▶ **About this task**
Set down, exactly as they appear, the line containing "Order: by center depth, near to far." and all subsequent lines through the end of the material below.
<<<<
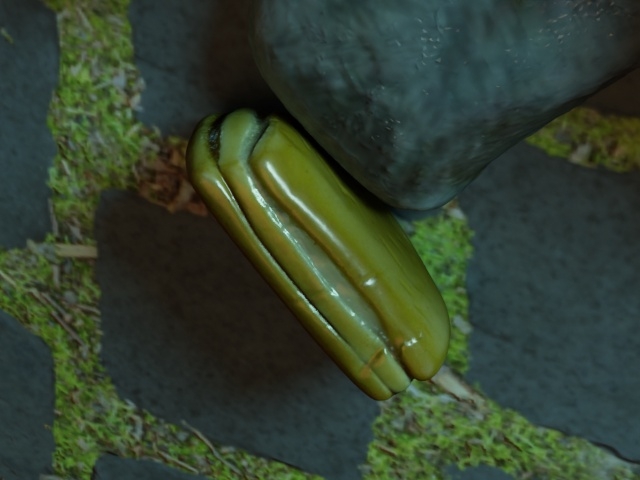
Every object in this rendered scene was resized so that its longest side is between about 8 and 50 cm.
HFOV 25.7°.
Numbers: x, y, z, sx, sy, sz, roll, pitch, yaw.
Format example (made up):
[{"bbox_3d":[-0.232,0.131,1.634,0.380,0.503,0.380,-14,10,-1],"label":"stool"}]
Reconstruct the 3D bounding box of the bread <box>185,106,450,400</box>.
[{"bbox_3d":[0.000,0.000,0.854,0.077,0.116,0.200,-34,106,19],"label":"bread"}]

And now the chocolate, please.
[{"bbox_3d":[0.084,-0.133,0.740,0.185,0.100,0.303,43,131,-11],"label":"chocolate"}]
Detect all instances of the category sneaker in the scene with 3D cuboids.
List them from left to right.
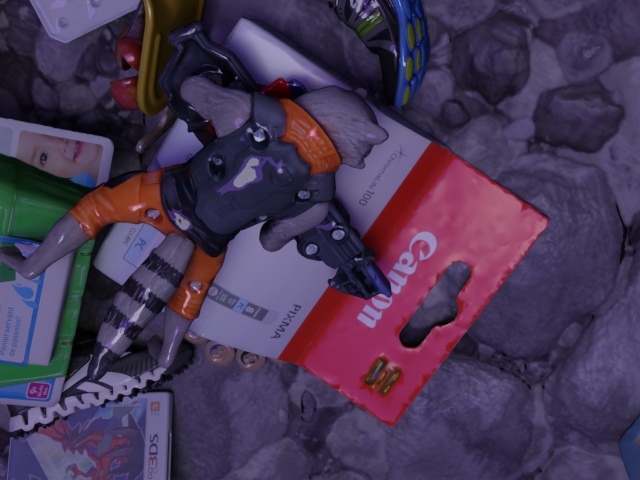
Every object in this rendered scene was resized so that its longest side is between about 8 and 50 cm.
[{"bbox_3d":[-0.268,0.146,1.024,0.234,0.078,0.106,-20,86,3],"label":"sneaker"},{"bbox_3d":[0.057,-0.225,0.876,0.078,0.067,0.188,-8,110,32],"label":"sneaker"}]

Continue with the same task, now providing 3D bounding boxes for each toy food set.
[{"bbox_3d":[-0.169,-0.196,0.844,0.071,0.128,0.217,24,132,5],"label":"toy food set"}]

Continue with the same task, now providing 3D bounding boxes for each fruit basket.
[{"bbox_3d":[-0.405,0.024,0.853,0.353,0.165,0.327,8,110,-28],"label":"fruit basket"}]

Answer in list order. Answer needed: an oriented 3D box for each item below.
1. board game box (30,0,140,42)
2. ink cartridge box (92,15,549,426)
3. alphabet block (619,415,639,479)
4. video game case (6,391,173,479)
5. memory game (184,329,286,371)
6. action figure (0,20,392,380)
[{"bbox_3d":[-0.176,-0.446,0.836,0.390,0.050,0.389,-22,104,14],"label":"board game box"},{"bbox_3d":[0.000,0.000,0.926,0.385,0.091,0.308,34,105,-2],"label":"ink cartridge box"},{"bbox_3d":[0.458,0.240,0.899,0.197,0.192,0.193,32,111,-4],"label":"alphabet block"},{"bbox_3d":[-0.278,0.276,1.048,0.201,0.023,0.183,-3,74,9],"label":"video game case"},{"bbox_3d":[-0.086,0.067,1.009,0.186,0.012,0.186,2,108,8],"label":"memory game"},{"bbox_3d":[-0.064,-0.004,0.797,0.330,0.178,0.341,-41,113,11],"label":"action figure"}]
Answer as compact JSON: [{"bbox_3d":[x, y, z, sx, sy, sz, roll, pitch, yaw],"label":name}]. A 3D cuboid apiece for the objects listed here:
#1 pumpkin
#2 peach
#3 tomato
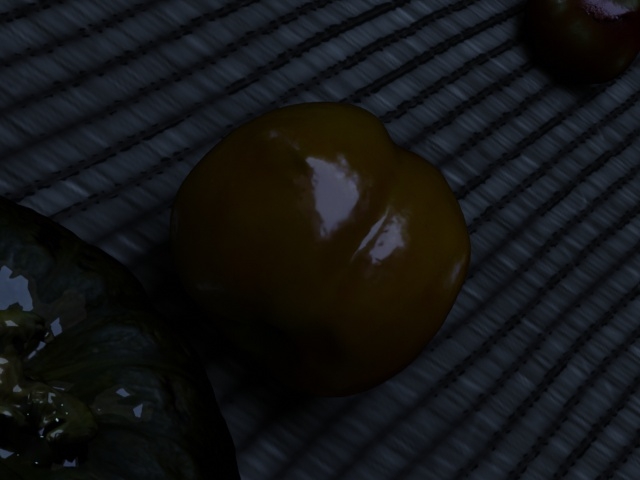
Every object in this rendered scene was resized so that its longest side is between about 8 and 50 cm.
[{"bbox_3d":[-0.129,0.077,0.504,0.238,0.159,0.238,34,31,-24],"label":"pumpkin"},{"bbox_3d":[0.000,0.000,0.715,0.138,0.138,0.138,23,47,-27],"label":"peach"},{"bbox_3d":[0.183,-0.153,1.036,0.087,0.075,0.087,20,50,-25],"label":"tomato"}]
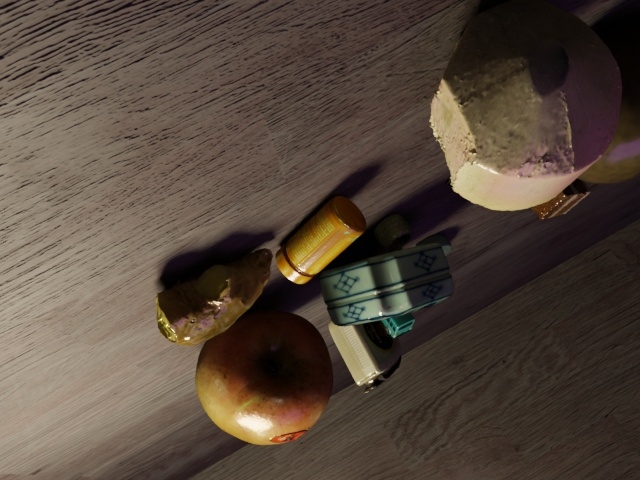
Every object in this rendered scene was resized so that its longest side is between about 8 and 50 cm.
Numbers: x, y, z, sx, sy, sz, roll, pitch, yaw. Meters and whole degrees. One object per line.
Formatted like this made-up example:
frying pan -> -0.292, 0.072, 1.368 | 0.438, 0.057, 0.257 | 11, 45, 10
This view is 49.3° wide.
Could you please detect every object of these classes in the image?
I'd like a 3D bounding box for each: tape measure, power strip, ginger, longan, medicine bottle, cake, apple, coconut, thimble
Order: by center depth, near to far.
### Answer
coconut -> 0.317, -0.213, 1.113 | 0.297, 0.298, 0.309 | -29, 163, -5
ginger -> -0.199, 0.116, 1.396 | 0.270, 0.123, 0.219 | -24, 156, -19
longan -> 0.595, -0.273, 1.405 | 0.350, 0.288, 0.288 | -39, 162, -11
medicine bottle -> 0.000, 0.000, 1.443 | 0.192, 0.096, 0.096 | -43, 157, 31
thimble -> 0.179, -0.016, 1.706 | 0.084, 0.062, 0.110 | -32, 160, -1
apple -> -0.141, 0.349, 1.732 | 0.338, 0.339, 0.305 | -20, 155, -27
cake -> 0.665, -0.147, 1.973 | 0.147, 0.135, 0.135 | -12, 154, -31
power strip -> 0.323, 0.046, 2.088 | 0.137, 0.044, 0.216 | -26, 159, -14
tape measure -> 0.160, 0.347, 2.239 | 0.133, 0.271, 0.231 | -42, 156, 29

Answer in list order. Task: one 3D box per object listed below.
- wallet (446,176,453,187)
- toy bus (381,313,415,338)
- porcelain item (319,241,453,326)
>>>>
▶ **Response to the exercise**
Order: by center depth, near to far.
### Answer
coconut -> 0.317, -0.213, 1.113 | 0.297, 0.298, 0.309 | -29, 163, -5
ginger -> -0.199, 0.116, 1.396 | 0.270, 0.123, 0.219 | -24, 156, -19
longan -> 0.595, -0.273, 1.405 | 0.350, 0.288, 0.288 | -39, 162, -11
medicine bottle -> 0.000, 0.000, 1.443 | 0.192, 0.096, 0.096 | -43, 157, 31
thimble -> 0.179, -0.016, 1.706 | 0.084, 0.062, 0.110 | -32, 160, -1
apple -> -0.141, 0.349, 1.732 | 0.338, 0.339, 0.305 | -20, 155, -27
cake -> 0.665, -0.147, 1.973 | 0.147, 0.135, 0.135 | -12, 154, -31
power strip -> 0.323, 0.046, 2.088 | 0.137, 0.044, 0.216 | -26, 159, -14
tape measure -> 0.160, 0.347, 2.239 | 0.133, 0.271, 0.231 | -42, 156, 29

Answer in list order. Task: one 3D box per object listed below.
- wallet (446,176,453,187)
- toy bus (381,313,415,338)
- porcelain item (319,241,453,326)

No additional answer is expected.